I didn’t mean to make her cry, though, and I certainly didn’t want her to either, not for me.
It seems that beneath her fiery anger and her sharp claws, my wife has a soft heart, something I should have thought about when she demanded I spare her father.
It broke me a little to see her pain, especially when she told me she’d had no tenderness, no gentleness, not since her mother died.
All I’d wanted to do in that moment was to give her everything she wanted. My family was the reason she’d missed out on all the things a mother should have given her, the reason her father had been so awful to her, and she needed some recompense for that.

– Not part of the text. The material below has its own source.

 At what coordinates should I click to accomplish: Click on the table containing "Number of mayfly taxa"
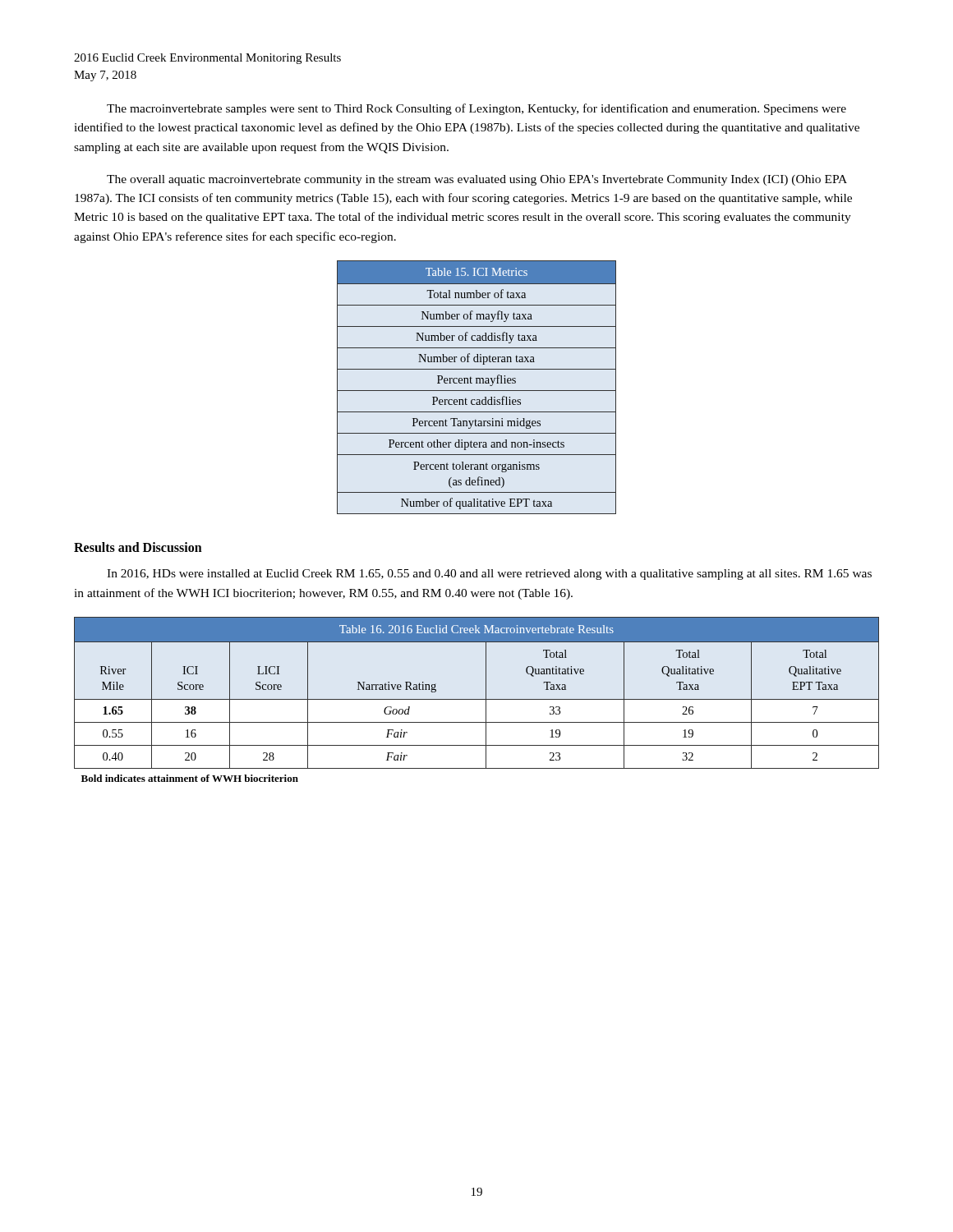click(x=476, y=387)
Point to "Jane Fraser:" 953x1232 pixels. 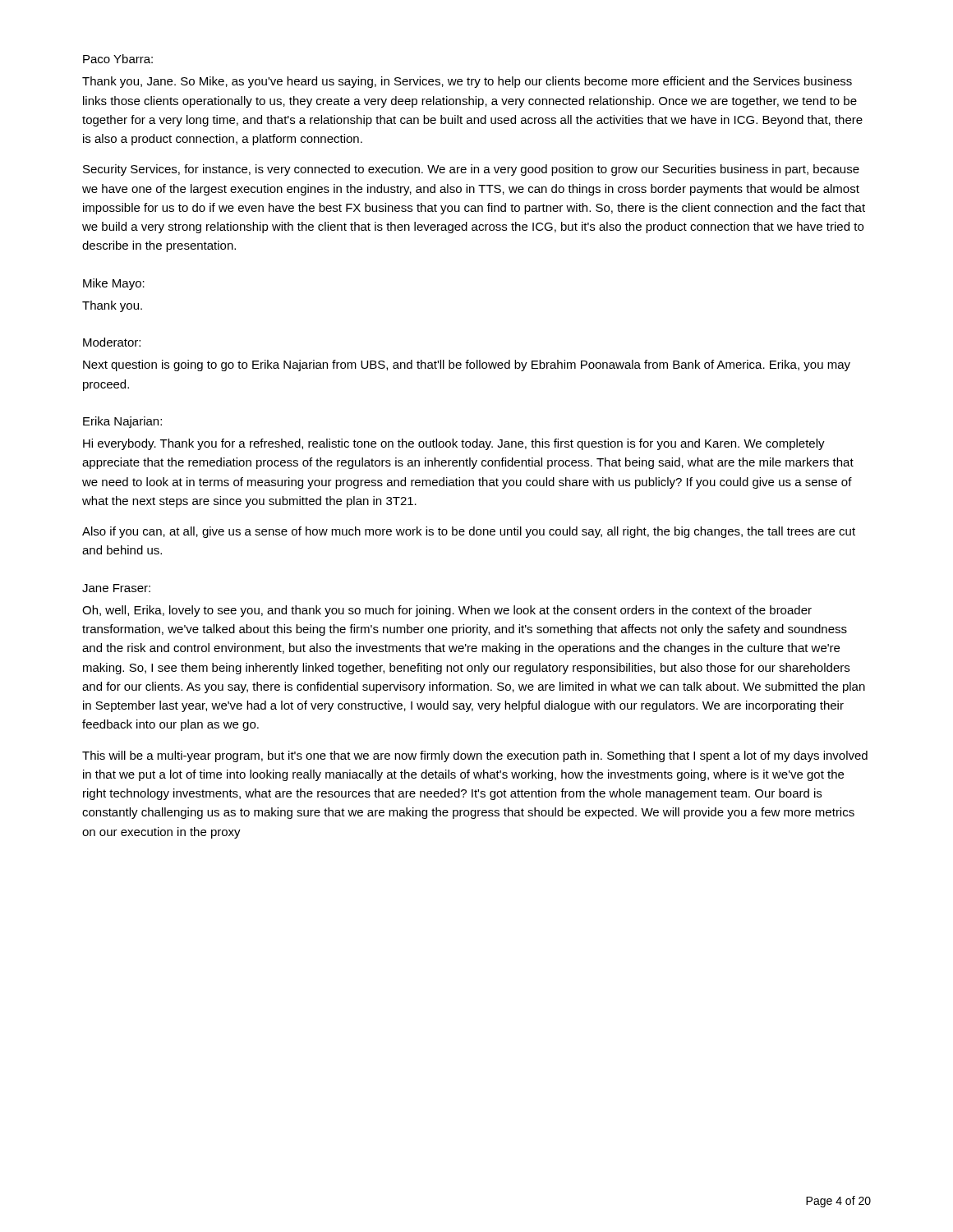117,587
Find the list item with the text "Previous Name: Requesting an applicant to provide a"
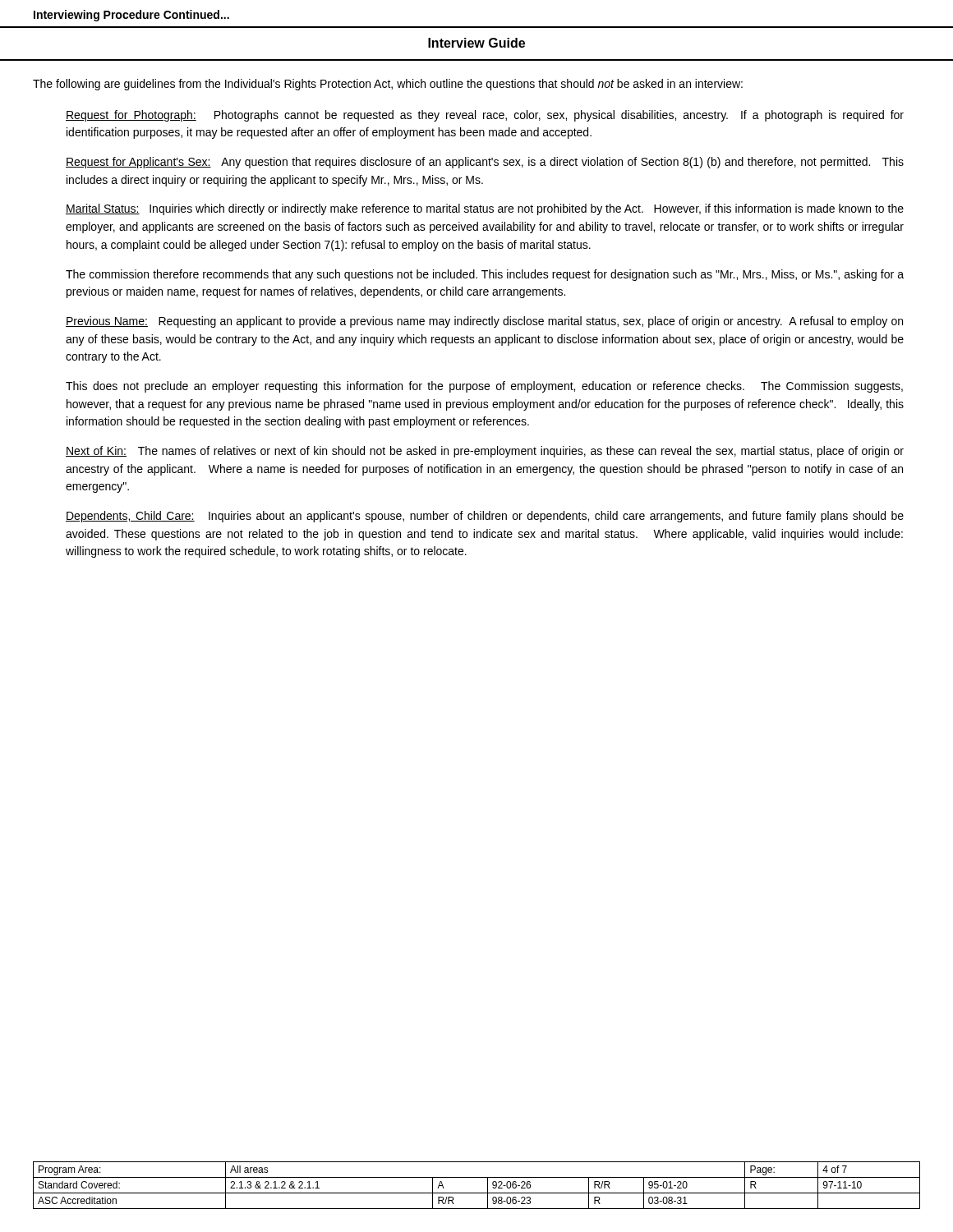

So, I did give it to her. I worshipped her like the goddess she is, with as much care and tenderness as I was capable of, and I surprised even myself. At the end, when she looked into my eyes as we both came together…
You can never let her go now.
No. Never. I wasn’t going to anyway, naturally, but now I’m certain. She’s a woman of great worth and she’s mine, and I’ll keep her at my side and in my bed. I’ll give her everything she’s ever wanted.
She thought you were a monster, though, remember? And you know she’s not wrong…
But I don’t want to think about that. Instead, I concentrate on my anticipation as I take the box out of my trouser pocket and place it in the middle of her plate.
I left her sleeping this morning, so I could finish up making the necessary arrangements for her father’s disappearance.
Giovanni’s new life will be an uncomfortable one, especially considering the identity I gave him has a record a mile long.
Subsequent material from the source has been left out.